Segment Start: EXTRACTED DATA

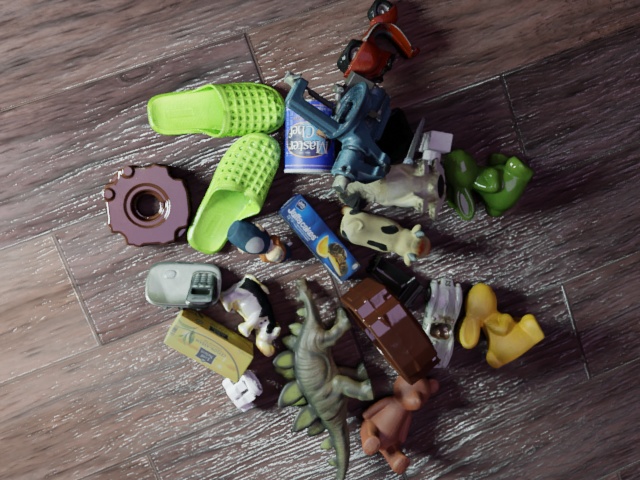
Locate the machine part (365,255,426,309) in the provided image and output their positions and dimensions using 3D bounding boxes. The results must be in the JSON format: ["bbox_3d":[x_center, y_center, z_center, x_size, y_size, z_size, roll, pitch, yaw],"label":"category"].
[{"bbox_3d":[0.161,0.090,1.169,0.139,0.039,0.084,43,94,-11],"label":"machine part"}]

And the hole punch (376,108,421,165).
[{"bbox_3d":[0.124,-0.217,1.119,0.142,0.092,0.115,-40,132,-6],"label":"hole punch"}]

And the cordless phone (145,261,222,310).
[{"bbox_3d":[-0.265,0.102,1.031,0.147,0.184,0.088,3,99,-9],"label":"cordless phone"}]

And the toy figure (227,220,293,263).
[{"bbox_3d":[-0.116,0.011,1.089,0.154,0.058,0.064,29,135,-33],"label":"toy figure"}]

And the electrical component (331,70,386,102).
[{"bbox_3d":[0.074,-0.288,1.070,0.102,0.045,0.078,27,113,-26],"label":"electrical component"}]

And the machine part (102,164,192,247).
[{"bbox_3d":[-0.340,-0.068,1.068,0.179,0.056,0.179,-1,96,-9],"label":"machine part"}]

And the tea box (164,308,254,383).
[{"bbox_3d":[-0.223,0.208,1.091,0.169,0.098,0.068,33,90,-12],"label":"tea box"}]

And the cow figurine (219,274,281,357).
[{"bbox_3d":[-0.128,0.157,1.118,0.098,0.068,0.167,-37,100,-10],"label":"cow figurine"}]

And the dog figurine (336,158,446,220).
[{"bbox_3d":[0.147,-0.107,1.101,0.191,0.172,0.121,3,84,32],"label":"dog figurine"}]

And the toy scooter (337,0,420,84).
[{"bbox_3d":[0.128,-0.388,1.101,0.135,0.075,0.184,33,85,-11],"label":"toy scooter"}]

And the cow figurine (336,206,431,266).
[{"bbox_3d":[0.138,-0.010,1.111,0.195,0.127,0.085,18,96,-8],"label":"cow figurine"}]

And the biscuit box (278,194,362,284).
[{"bbox_3d":[-0.002,-0.003,1.122,0.059,0.063,0.202,-42,100,-4],"label":"biscuit box"}]

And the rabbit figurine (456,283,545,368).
[{"bbox_3d":[0.376,0.182,1.188,0.162,0.122,0.173,-33,85,5],"label":"rabbit figurine"}]

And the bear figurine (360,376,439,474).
[{"bbox_3d":[0.178,0.372,1.155,0.120,0.132,0.196,40,95,-14],"label":"bear figurine"}]

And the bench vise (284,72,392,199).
[{"bbox_3d":[0.027,-0.209,0.976,0.240,0.129,0.223,31,81,-22],"label":"bench vise"}]

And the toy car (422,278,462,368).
[{"bbox_3d":[0.263,0.182,1.183,0.073,0.056,0.201,9,94,-9],"label":"toy car"}]

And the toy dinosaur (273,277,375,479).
[{"bbox_3d":[0.010,0.308,1.137,0.199,0.105,0.471,-18,89,1],"label":"toy dinosaur"}]

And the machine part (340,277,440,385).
[{"bbox_3d":[0.141,0.178,1.090,0.087,0.201,0.201,-36,99,-6],"label":"machine part"}]

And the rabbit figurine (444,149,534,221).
[{"bbox_3d":[0.330,-0.127,1.140,0.170,0.121,0.159,20,110,-15],"label":"rabbit figurine"}]

Segment End: EXTRACTED DATA

_PROBLEM STATEMENT:_
Write out all the entries word for word, but drop the pictures.

_SOLVED PROBLEM:_
Locate the machine part (365,255,426,309) in the provided image and output their positions and dimensions using 3D bounding boxes. The results must be in the JSON format: ["bbox_3d":[x_center, y_center, z_center, x_size, y_size, z_size, roll, pitch, yaw],"label":"category"].
[{"bbox_3d":[0.161,0.090,1.169,0.139,0.039,0.084,43,94,-11],"label":"machine part"}]

And the hole punch (376,108,421,165).
[{"bbox_3d":[0.124,-0.217,1.119,0.142,0.092,0.115,-40,132,-6],"label":"hole punch"}]

And the cordless phone (145,261,222,310).
[{"bbox_3d":[-0.265,0.102,1.031,0.147,0.184,0.088,3,99,-9],"label":"cordless phone"}]

And the toy figure (227,220,293,263).
[{"bbox_3d":[-0.116,0.011,1.089,0.154,0.058,0.064,29,135,-33],"label":"toy figure"}]

And the electrical component (331,70,386,102).
[{"bbox_3d":[0.074,-0.288,1.070,0.102,0.045,0.078,27,113,-26],"label":"electrical component"}]

And the machine part (102,164,192,247).
[{"bbox_3d":[-0.340,-0.068,1.068,0.179,0.056,0.179,-1,96,-9],"label":"machine part"}]

And the tea box (164,308,254,383).
[{"bbox_3d":[-0.223,0.208,1.091,0.169,0.098,0.068,33,90,-12],"label":"tea box"}]

And the cow figurine (219,274,281,357).
[{"bbox_3d":[-0.128,0.157,1.118,0.098,0.068,0.167,-37,100,-10],"label":"cow figurine"}]

And the dog figurine (336,158,446,220).
[{"bbox_3d":[0.147,-0.107,1.101,0.191,0.172,0.121,3,84,32],"label":"dog figurine"}]

And the toy scooter (337,0,420,84).
[{"bbox_3d":[0.128,-0.388,1.101,0.135,0.075,0.184,33,85,-11],"label":"toy scooter"}]

And the cow figurine (336,206,431,266).
[{"bbox_3d":[0.138,-0.010,1.111,0.195,0.127,0.085,18,96,-8],"label":"cow figurine"}]

And the biscuit box (278,194,362,284).
[{"bbox_3d":[-0.002,-0.003,1.122,0.059,0.063,0.202,-42,100,-4],"label":"biscuit box"}]

And the rabbit figurine (456,283,545,368).
[{"bbox_3d":[0.376,0.182,1.188,0.162,0.122,0.173,-33,85,5],"label":"rabbit figurine"}]

And the bear figurine (360,376,439,474).
[{"bbox_3d":[0.178,0.372,1.155,0.120,0.132,0.196,40,95,-14],"label":"bear figurine"}]

And the bench vise (284,72,392,199).
[{"bbox_3d":[0.027,-0.209,0.976,0.240,0.129,0.223,31,81,-22],"label":"bench vise"}]

And the toy car (422,278,462,368).
[{"bbox_3d":[0.263,0.182,1.183,0.073,0.056,0.201,9,94,-9],"label":"toy car"}]

And the toy dinosaur (273,277,375,479).
[{"bbox_3d":[0.010,0.308,1.137,0.199,0.105,0.471,-18,89,1],"label":"toy dinosaur"}]

And the machine part (340,277,440,385).
[{"bbox_3d":[0.141,0.178,1.090,0.087,0.201,0.201,-36,99,-6],"label":"machine part"}]

And the rabbit figurine (444,149,534,221).
[{"bbox_3d":[0.330,-0.127,1.140,0.170,0.121,0.159,20,110,-15],"label":"rabbit figurine"}]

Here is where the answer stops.